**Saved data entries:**
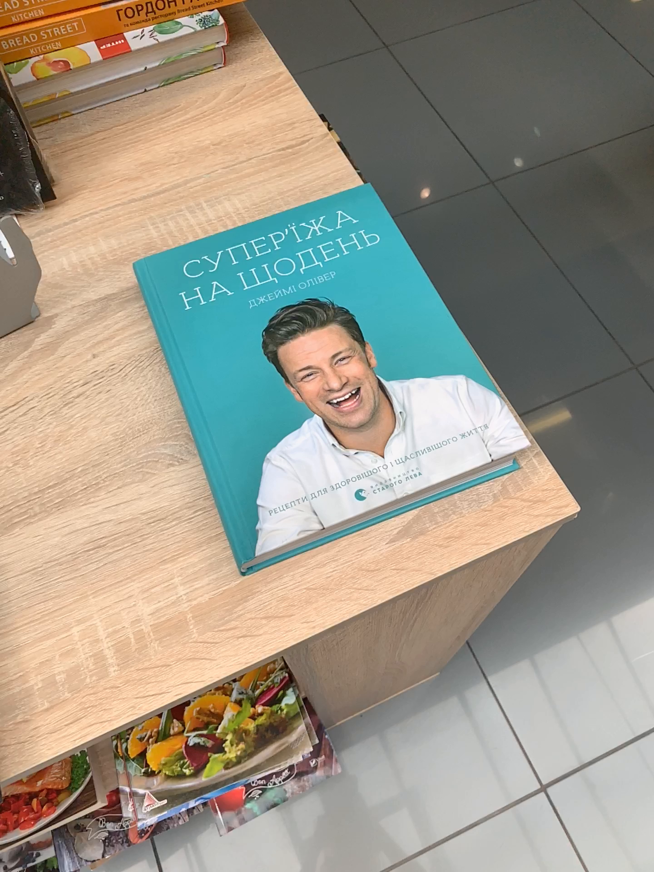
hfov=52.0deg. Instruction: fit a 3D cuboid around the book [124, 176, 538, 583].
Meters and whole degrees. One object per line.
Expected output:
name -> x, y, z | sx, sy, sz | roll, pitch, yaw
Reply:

==

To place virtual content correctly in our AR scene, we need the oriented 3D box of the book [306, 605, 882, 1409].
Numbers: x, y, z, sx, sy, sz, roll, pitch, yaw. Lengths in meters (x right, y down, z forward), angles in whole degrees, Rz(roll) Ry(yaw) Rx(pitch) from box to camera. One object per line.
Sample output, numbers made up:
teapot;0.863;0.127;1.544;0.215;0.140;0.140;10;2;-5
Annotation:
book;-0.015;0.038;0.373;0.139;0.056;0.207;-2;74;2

**PROBLEM STATEMENT:** Search the entries above for the string "degrees". Copy each line in which it appears.

**TASK SOLUTION:**
Meters and whole degrees. One object per line.
Numbers: x, y, z, sx, sy, sz, roll, pitch, yaw. Lengths in meters (x right, y down, z forward), angles in whole degrees, Rz(roll) Ry(yaw) Rx(pitch) from box to camera. One object per line.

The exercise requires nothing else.